Напротив нее на диване полуразлегся молодой бог Гермес. Он жил у критской царевны в образе мальчишки- раба, иногда пропадал по своим делам, иногда помогал, иногда мешал. Но видно было по выражению его лица, что давно уже он засиделся на месте и заскучал по настоящим  делам.
- Я сделал все, что было нужно, все, как ты сказала , - улыбаясь ответил он. – теперь я свободен?
 Гестия рассмеялась.
- Ты послужил на славу, дружок, но ..
- Что? !
Гермес спружинил , словно гепард , и в долю секунды оказался рядом с Гестией. В притвором ужасе он стал заламывать руки и кричать:
- Снова? Снова- «но»? Почему?  Что теперь взбредет в твою божественную голову? Скажи мне? Мы помогли Минотавру снова стать человеком. Мы привели на его пути женщину, которая станет идеальной помощницей во всех его делах. Мы привели на пути критской принцессы героя Тесея, который будет достойным царем для ее народа. Мы освободили Крит от гнета страха и стыда, теперь остров снова расцветет во славу богов. Я готов уж в путь. На Олимпе есть и другие дела. Но ты говоришь словно «но» и моя душа наполняется грустью.
Гестия снова рассмеялась:
- Но я хочу убедиться, что тепер Крит можно оставить без божественного вмешательства. Хочу увидеть, что они достаточно сильны для того, чтобы обрести свой путь.
- Оставь их в покое, Гестия. Пусть хотя бы попробуют. Мы не можем вечно ходить за ними.
- Ты прав, возможно, это говорит во мне постоянное беспокойство.
- Ты не должна тривожиться за них.
Когда Гестия обернулась к Гермесу, он уж изменил свой облик, превратившись в птицу, готовую каждую секунду взмахнутьк рыльями и улететь. Богиня вздохнула: она не могла больше держать здесь Гермеса. Его молодая энергия рвалась с Крита. Пусть летит. Она еще понаблюдает. В следующий момент птицы в шатре уже не было.

Птица
  …прилетела и села на ладонь черной жрицы по имени Руна. Она стояла на вершине горы, и остров был раскрыт перед ней, словно книга, из которой она одна могла читать все, что было, что есть и что будет.
  Ее культ погиб, но она жила. Она никогда не говорила , потому, что знала лишь один язык, на котором говорило все во Вселенной: звезды, камни, воды, растения, животные и люди, когда начинали молчать.

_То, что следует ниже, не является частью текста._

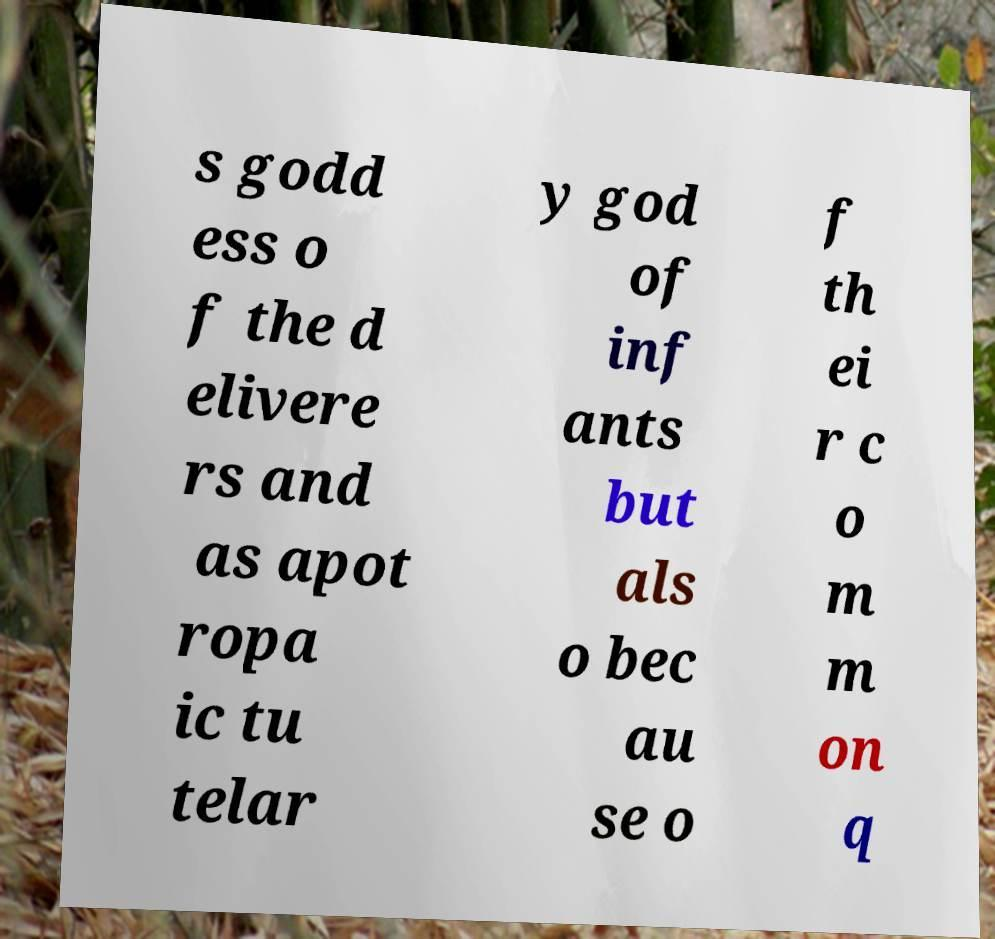For documentation purposes, I need the text within this image transcribed. Could you provide that? s godd ess o f the d elivere rs and as apot ropa ic tu telar y god of inf ants but als o bec au se o f th ei r c o m m on q 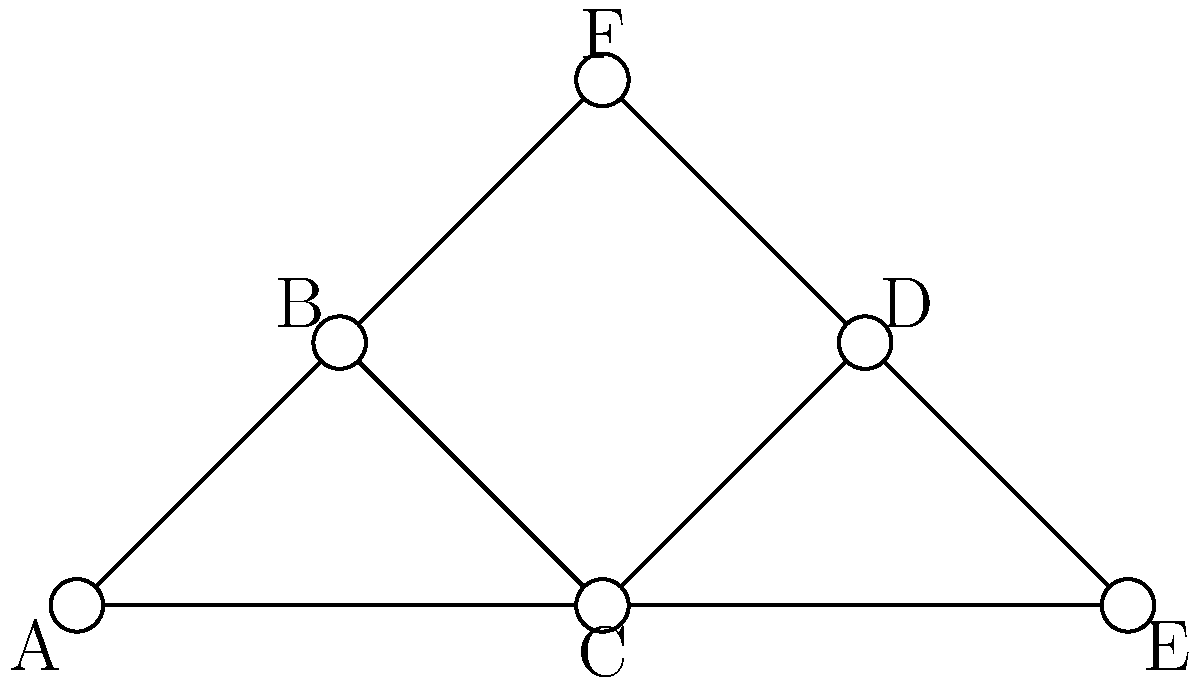In this social network of Humboldt County cannabis cultivators, each node represents a cultivator and each edge represents a direct working relationship. Which cultivator has the highest degree centrality, making them potentially the most influential in the community? To determine the cultivator with the highest degree centrality, we need to count the number of direct connections (edges) each cultivator (node) has:

1. Cultivator A: 2 connections (B and C)
2. Cultivator B: 3 connections (A, C, and F)
3. Cultivator C: 4 connections (A, B, D, and E)
4. Cultivator D: 3 connections (C, E, and F)
5. Cultivator E: 2 connections (C and D)
6. Cultivator F: 2 connections (B and D)

Cultivator C has the highest number of direct connections with 4 edges, giving it the highest degree centrality in this network.

In the context of cannabis cultivation in Humboldt County, this could mean that Cultivator C has the most diverse range of working relationships, potentially involving different aspects of the cultivation process such as seed sourcing, growing techniques, or distribution channels. This position in the network suggests that Cultivator C might be a key player in information sharing and collaboration within the local cannabis community.
Answer: Cultivator C

  Сейчас на рассвете она была вторым человеком на острове, который провожал взглядом корабль. Первым был царь Минос. Она видела его там внизу во дворце. Он стоял у окна. Он смотрел на корабль. Но царь был простым смертным, он не мог видеть. А она смотрела и видела…
  Она видела волю богов и ошибки людей. Сейчас боги помогли людям и Криту, но люди остаются людьми. Они всегда совершали ошибки, они совершают их каждую секунду в своих помыслах, они будут их совершать в своих поступках.
  Она засмеялась. Птица, собравшаяся было заснуть, прикрыв глаза и спрятав голову под  крыло, снова встрепенулась и стала чистить перья.
  «Один царь мечтает забыть свою жизнь. Второй царь мечтает забыть свой остров. Третий царь мечтает вспомнить свою цель и себя. Но настоящий царь - здесь» Она погладила ладонью свой живот.
  Она знала, что время не песок. Он не вода и не огонь. Он не воздух. Время все меняет. Пройдут цари. И на далеком острове волей богов из недр земли поднимется всепожираючий огонь, который заберет с собой и города, и царей. Она видела Крит и Кносский дворец в руинах. И только полувытертые мозаики будут напоминать о том, что здесь некогда процветала великая цивилизация. И так будет много веков.
 Но она видела еще дальше: настанет день, когда каждый , даже самый мелкий камень, встанет на свое место. Боги поднимут Крит и Кносский дворец из руин. И все поставят на место.
  Вот тогда настанет время для ее будущих потомков.